Charlie Starwyne was asked by his friend Nora (our zookeeper from section 1) to take a look at her flightless birds. Charlie was excited to take on the project, because he had a special interest in the flightless Dodo bird, and he considered all modern flightless birds to be direct descendants of the Dodo.

Charlie set about to study the features of the birds and see if he could determine why they didn't fly. He checked to see whether their heads were disproportionately large. He examined all the tails and compiled average statistics, but still didn't see anything interesting. Charlie could find no reason at all why these birds wouldn't be flying.

This is, of course, another silly story. But it is the counterpart to how CFS is often being studied today. Rather than identify what makes ME/CFS different to other diseases (including symptoms like post-exertional malaise), many researchers have just grouped together a very mixed group of patients who do not have a specific diagnosis, simply because they share a common general symptom: fatigue.

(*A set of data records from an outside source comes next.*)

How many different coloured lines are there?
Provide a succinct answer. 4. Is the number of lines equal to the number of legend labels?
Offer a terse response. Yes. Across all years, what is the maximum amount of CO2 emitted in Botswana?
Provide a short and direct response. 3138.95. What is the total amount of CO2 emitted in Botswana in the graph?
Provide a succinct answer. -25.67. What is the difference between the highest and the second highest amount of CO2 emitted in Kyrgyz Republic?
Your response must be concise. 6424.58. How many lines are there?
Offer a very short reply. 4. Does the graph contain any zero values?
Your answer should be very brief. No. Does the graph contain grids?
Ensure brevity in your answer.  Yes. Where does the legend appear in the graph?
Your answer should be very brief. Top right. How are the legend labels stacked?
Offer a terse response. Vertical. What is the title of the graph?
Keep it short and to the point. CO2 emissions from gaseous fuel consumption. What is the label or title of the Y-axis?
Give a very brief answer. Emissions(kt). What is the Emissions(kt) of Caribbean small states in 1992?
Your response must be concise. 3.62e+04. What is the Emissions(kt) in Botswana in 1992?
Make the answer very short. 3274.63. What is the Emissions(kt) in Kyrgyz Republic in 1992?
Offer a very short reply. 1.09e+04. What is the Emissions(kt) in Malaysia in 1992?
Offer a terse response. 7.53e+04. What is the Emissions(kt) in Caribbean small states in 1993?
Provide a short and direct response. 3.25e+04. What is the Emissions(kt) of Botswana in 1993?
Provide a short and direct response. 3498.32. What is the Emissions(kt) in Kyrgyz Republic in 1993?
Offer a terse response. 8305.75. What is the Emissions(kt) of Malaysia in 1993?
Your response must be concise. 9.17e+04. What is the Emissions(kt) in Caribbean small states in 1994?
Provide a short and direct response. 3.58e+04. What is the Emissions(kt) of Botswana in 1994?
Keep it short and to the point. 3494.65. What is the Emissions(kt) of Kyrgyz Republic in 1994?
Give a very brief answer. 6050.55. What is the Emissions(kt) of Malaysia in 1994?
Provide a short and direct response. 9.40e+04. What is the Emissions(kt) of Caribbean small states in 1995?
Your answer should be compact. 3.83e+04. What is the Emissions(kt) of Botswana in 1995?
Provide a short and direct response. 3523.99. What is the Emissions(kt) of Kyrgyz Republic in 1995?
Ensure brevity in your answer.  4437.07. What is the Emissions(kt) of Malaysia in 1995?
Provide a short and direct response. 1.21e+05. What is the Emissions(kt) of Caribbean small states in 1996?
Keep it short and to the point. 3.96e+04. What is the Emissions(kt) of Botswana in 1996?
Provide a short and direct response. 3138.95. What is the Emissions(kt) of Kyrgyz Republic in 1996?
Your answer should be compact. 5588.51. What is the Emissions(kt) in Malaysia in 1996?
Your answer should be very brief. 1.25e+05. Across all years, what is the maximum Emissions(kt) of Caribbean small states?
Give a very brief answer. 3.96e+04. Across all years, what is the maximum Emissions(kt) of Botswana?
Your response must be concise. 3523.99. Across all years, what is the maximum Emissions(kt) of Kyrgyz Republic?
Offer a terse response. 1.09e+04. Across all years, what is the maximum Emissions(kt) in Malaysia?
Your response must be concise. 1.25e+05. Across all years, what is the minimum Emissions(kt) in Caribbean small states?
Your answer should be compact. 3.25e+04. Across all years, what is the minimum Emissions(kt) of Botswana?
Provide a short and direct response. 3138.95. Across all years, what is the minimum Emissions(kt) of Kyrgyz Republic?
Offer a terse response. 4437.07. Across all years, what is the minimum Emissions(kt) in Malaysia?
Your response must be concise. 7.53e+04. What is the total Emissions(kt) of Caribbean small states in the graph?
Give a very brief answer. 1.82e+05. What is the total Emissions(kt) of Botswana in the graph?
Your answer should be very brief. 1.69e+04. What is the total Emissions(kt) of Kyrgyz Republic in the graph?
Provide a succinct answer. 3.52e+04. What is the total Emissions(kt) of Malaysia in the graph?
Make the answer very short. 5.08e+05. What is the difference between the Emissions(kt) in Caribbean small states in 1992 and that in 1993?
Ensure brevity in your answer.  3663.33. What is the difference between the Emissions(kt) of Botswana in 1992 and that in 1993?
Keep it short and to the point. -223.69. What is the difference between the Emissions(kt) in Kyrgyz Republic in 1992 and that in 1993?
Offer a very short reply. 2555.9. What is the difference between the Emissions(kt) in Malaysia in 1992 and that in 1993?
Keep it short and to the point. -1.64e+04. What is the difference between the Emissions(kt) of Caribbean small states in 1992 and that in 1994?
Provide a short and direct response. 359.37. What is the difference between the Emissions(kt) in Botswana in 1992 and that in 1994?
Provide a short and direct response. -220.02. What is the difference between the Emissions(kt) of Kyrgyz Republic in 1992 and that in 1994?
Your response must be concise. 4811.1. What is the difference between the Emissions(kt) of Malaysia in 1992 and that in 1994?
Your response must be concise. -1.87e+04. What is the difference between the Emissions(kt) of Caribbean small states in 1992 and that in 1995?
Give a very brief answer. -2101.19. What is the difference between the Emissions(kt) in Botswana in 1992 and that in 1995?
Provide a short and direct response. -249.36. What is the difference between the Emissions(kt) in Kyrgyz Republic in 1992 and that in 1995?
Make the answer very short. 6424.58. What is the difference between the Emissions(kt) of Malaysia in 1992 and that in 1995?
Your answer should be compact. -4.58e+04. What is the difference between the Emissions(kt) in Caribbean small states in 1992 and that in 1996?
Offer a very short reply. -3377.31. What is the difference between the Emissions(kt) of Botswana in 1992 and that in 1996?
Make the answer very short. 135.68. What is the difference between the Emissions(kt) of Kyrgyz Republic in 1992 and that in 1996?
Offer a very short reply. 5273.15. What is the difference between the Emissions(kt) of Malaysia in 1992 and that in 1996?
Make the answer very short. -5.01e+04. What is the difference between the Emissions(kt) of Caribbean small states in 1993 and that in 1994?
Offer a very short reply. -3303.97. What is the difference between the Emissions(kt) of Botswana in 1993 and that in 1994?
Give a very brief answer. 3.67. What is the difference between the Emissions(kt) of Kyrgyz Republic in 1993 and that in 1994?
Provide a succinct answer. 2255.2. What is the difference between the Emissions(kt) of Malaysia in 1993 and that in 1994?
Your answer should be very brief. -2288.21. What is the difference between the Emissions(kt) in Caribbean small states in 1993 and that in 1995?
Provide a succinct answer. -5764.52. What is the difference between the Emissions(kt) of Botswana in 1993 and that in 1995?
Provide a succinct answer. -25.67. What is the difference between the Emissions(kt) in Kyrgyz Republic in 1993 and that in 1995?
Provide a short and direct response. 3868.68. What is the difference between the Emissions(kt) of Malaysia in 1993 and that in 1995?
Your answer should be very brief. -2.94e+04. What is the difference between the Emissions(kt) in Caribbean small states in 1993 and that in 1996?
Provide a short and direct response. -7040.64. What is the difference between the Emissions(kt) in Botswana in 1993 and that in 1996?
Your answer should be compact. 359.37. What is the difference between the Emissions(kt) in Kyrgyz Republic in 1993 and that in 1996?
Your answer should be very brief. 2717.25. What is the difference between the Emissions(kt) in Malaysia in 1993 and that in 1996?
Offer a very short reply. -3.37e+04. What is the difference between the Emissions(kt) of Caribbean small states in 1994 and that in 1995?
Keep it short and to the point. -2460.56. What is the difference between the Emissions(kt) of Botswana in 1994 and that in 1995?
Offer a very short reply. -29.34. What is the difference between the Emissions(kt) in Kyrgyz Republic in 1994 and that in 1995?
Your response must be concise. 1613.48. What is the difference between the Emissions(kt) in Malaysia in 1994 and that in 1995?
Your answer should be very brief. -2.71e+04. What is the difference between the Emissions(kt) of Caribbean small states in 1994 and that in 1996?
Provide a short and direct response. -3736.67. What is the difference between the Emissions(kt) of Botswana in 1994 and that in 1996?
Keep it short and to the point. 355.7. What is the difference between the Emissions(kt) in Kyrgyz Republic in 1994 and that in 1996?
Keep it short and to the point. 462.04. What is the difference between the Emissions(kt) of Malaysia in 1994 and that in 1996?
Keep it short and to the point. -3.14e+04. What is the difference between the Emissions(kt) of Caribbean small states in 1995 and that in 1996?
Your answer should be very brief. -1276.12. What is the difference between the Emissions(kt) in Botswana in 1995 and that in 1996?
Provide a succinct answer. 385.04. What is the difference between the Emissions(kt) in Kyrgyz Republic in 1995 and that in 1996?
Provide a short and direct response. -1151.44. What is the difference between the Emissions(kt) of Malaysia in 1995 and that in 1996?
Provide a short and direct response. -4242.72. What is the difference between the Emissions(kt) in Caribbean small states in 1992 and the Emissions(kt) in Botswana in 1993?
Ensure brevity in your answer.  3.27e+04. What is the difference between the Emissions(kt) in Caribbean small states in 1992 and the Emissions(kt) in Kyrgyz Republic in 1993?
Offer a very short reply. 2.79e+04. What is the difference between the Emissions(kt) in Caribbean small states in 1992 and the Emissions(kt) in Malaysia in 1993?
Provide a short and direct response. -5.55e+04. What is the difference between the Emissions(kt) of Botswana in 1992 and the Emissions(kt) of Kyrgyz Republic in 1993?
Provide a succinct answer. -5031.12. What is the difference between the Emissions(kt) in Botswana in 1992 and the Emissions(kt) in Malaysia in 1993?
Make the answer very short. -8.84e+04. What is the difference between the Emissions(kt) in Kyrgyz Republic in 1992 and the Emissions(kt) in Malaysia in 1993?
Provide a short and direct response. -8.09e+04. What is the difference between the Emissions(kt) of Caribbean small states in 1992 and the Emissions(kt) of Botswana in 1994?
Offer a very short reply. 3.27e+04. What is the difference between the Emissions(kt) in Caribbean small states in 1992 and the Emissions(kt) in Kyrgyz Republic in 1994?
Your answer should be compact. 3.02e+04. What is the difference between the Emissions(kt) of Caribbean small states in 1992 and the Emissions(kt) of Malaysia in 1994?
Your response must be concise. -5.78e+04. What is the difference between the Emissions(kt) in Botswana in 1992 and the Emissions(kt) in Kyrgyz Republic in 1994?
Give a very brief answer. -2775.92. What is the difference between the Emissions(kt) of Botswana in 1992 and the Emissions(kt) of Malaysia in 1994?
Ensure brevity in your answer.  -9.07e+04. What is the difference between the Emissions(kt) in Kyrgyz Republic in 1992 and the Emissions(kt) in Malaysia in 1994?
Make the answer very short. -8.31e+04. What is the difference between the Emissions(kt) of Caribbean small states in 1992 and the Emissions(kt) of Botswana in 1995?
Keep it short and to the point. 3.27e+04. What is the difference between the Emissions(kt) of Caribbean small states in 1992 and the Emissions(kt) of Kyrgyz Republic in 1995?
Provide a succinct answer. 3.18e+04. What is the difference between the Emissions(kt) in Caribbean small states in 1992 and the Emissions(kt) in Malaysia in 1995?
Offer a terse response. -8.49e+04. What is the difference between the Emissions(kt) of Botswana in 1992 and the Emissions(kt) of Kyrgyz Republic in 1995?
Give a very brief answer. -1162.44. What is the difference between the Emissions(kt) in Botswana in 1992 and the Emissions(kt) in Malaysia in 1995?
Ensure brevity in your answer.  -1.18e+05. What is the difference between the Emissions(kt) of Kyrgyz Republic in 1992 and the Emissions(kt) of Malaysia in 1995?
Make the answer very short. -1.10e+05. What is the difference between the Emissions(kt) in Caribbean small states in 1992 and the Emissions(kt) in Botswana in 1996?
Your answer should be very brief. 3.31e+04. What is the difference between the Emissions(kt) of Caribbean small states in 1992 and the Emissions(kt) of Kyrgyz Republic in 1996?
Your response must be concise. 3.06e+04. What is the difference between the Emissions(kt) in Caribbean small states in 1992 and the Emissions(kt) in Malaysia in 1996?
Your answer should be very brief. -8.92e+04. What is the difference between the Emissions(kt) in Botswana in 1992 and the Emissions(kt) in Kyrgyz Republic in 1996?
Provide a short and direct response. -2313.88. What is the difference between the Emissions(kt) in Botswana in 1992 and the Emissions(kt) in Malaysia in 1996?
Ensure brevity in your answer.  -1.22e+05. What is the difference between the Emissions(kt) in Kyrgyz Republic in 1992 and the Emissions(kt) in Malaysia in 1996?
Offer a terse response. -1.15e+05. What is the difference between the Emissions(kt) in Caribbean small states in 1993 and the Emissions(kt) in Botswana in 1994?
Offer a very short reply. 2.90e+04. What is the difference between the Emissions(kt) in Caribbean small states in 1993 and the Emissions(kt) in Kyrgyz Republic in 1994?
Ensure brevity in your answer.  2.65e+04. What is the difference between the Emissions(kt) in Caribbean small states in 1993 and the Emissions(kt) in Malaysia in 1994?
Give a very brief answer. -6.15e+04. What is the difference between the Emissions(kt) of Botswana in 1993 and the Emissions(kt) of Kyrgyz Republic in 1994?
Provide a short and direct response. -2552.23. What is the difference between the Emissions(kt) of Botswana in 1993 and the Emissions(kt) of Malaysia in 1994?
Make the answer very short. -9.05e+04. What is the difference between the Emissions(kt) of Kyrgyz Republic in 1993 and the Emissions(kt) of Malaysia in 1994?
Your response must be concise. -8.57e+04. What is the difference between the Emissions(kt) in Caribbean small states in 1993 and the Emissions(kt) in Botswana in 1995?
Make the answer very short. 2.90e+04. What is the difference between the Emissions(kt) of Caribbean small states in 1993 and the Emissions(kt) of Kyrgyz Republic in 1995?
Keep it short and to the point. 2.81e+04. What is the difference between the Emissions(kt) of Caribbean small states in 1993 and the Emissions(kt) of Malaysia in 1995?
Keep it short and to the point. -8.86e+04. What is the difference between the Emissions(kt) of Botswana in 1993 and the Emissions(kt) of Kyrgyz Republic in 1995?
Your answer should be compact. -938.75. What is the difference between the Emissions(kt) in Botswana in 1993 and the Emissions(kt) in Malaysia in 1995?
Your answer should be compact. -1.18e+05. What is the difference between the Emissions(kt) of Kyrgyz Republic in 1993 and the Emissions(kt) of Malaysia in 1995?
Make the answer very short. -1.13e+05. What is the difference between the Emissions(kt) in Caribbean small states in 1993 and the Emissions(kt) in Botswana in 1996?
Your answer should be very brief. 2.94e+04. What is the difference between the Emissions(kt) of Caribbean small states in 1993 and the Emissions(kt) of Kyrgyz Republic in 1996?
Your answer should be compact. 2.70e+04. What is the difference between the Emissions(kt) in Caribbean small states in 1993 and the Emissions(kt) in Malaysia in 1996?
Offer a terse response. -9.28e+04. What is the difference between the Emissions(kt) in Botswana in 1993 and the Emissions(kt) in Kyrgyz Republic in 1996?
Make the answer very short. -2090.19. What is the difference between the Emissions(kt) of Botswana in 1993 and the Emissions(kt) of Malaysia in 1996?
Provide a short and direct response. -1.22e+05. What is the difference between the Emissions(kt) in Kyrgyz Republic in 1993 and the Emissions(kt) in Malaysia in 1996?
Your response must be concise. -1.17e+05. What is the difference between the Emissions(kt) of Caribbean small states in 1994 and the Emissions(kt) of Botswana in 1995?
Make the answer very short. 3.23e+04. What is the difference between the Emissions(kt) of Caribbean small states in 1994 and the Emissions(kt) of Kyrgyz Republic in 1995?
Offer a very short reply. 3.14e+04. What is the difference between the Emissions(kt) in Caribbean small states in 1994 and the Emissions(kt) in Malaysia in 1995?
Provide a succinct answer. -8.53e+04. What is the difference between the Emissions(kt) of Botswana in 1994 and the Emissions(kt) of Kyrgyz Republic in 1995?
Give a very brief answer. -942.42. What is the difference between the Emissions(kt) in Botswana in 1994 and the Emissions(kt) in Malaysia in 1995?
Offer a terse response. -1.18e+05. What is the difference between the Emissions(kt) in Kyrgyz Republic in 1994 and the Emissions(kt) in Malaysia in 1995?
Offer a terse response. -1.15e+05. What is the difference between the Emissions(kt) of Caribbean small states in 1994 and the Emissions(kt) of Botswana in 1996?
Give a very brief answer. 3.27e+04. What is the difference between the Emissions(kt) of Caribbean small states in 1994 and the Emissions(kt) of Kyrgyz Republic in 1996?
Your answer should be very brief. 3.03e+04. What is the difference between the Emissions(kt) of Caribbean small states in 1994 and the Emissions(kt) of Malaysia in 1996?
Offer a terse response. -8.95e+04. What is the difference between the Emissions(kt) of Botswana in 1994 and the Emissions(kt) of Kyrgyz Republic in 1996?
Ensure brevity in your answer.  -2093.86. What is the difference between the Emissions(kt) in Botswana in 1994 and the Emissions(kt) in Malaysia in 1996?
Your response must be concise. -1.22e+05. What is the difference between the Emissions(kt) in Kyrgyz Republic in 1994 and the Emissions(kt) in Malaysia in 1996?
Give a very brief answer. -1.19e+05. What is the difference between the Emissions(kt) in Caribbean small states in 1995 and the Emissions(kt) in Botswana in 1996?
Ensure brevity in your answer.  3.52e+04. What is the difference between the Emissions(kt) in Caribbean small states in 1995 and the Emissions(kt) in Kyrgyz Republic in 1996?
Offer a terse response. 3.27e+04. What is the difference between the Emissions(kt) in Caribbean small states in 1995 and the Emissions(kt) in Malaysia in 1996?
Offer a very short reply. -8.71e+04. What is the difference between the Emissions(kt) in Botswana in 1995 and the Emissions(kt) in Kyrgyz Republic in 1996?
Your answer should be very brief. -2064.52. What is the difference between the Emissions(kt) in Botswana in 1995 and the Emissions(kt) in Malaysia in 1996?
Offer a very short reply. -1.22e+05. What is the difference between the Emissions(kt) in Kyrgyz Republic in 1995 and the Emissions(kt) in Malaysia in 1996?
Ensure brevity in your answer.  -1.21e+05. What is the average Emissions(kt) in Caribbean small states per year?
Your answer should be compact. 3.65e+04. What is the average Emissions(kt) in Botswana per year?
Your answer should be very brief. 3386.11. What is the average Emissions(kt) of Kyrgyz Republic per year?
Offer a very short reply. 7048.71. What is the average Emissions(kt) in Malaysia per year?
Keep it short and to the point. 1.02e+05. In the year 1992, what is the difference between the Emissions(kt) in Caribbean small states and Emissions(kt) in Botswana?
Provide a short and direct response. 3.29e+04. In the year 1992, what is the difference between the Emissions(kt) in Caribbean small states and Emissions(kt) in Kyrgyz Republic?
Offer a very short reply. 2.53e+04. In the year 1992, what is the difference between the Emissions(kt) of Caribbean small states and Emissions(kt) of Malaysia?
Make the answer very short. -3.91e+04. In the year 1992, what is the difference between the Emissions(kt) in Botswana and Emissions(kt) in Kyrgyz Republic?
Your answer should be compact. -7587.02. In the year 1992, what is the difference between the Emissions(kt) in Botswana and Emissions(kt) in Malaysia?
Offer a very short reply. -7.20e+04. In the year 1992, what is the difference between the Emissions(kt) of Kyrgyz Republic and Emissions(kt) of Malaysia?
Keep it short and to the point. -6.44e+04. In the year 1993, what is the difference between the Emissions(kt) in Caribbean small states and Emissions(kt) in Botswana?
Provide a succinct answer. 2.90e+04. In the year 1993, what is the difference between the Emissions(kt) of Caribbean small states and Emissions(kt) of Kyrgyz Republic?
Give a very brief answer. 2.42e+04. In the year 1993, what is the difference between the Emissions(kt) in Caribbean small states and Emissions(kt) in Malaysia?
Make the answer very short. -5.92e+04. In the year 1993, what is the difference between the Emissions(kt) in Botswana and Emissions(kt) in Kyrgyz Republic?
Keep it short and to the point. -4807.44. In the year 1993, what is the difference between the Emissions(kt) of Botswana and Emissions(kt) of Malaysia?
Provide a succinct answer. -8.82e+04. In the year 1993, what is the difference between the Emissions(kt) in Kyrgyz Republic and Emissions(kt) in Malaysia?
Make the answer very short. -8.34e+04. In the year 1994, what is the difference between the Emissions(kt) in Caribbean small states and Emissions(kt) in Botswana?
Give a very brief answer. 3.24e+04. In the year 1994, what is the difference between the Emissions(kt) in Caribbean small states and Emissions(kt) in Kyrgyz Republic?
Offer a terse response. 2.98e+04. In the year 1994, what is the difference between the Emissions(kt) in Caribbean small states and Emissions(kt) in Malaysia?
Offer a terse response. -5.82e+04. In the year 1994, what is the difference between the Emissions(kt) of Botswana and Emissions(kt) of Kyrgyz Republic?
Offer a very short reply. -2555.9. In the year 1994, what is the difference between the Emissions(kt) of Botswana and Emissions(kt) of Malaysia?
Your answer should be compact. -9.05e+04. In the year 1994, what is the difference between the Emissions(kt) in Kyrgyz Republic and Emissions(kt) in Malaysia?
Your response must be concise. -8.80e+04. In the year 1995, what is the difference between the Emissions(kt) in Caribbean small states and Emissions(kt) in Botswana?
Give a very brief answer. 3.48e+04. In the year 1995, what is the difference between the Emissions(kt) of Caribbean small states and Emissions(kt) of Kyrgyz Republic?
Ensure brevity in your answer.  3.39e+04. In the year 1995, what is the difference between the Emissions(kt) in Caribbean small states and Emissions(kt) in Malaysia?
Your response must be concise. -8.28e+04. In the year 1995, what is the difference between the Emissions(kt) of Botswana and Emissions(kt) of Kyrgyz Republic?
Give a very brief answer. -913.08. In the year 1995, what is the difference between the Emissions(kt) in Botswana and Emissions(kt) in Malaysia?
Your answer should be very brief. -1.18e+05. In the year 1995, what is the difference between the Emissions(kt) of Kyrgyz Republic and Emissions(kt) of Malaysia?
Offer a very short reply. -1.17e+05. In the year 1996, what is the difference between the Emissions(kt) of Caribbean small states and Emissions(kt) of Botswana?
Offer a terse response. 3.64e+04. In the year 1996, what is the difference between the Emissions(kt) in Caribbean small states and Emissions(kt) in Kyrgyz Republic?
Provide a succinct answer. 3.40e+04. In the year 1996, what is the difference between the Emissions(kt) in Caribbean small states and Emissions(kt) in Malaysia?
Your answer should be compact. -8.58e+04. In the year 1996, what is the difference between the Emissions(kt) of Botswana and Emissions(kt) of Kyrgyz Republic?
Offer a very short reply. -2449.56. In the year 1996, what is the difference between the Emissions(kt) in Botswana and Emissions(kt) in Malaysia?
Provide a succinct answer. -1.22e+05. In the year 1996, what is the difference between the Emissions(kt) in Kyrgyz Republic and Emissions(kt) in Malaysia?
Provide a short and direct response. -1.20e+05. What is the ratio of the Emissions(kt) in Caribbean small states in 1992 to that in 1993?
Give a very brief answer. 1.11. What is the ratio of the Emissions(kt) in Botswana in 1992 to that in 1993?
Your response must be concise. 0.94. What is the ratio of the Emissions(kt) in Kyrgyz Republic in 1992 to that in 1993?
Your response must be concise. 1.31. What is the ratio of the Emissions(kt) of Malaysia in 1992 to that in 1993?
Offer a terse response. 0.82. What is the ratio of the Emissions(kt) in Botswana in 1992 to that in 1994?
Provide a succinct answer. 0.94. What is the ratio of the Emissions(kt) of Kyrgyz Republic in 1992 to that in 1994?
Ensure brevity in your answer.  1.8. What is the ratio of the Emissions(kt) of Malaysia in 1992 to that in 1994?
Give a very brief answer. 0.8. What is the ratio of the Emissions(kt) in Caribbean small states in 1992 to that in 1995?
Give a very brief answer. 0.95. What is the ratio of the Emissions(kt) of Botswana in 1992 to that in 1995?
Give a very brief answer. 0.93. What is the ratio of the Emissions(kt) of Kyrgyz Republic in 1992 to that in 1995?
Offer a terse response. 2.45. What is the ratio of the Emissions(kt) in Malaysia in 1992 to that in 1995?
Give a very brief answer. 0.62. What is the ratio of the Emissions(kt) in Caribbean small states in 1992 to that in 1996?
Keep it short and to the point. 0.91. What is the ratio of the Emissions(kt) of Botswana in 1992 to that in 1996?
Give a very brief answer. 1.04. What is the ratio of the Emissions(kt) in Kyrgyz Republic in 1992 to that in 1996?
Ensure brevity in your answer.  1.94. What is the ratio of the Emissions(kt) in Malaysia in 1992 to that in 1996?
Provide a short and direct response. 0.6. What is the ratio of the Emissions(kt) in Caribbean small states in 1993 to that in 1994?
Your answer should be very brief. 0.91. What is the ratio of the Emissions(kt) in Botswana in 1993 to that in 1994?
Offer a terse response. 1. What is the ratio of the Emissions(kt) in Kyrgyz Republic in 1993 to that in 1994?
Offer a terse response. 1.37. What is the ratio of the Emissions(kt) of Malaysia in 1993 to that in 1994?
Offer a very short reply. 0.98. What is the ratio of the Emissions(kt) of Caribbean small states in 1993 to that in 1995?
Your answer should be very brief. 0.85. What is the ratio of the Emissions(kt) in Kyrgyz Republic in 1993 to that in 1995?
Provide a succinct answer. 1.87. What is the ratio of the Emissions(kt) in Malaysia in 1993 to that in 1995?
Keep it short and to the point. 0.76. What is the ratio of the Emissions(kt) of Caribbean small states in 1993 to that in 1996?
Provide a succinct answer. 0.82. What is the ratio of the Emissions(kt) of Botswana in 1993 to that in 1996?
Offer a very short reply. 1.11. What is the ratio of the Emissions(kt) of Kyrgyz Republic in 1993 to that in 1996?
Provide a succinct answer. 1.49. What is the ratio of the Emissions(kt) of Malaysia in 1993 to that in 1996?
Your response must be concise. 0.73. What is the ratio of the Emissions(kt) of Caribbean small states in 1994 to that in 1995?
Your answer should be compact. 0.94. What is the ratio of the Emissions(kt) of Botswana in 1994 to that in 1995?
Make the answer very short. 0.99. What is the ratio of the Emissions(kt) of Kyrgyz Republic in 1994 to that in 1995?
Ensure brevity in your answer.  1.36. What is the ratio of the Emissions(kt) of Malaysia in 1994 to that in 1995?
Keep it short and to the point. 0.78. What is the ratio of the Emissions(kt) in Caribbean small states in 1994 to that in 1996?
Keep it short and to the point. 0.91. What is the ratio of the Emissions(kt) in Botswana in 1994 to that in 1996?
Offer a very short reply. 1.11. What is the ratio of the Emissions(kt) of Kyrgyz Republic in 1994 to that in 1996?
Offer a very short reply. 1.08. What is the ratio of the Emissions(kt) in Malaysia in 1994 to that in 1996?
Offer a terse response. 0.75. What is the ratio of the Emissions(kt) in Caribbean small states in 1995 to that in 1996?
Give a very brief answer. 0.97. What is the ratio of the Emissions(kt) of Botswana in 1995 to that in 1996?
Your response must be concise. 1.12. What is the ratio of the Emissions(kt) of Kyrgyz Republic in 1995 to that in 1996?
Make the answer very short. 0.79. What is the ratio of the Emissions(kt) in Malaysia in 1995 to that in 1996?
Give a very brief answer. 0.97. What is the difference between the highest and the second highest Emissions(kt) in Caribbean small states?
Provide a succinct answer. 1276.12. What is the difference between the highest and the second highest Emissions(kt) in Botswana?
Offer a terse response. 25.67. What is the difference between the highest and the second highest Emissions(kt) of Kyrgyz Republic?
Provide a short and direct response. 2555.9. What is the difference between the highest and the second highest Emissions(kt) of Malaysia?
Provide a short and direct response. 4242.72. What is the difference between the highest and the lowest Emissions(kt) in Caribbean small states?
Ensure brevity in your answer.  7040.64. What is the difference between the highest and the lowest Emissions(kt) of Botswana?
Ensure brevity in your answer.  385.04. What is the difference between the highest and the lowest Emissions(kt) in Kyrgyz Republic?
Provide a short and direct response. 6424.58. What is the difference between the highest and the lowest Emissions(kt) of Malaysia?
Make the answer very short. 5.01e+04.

Biomarkers, treatments, and other particular features of a disease cannot be found by approaching the problem in this manner. Any biomarkers or other specifics are drowned out by all the other conditions in the selection group. There are two logical ways to approach the problem of the heterogeneous (mixed/unlike) set. One is to subgroup. It is likely that the Oxford criteria would still be unsuitable, because there is nothing in its requirements to unify the characteristics of the patients. The second approach is to define the research criteria more particularly in an attempt to collect a less heterogeneous sample. While there are good reasons to think that, with a bit more care, many patients who are currently being labelled with 'CFS' would be more appropriately diagnosed with an already-established diagnosis, it is possible we might need to create another disease title and definition (or more) for those who do not meet the very tight criteria but cannot yet be diagnosed under any existing disease category.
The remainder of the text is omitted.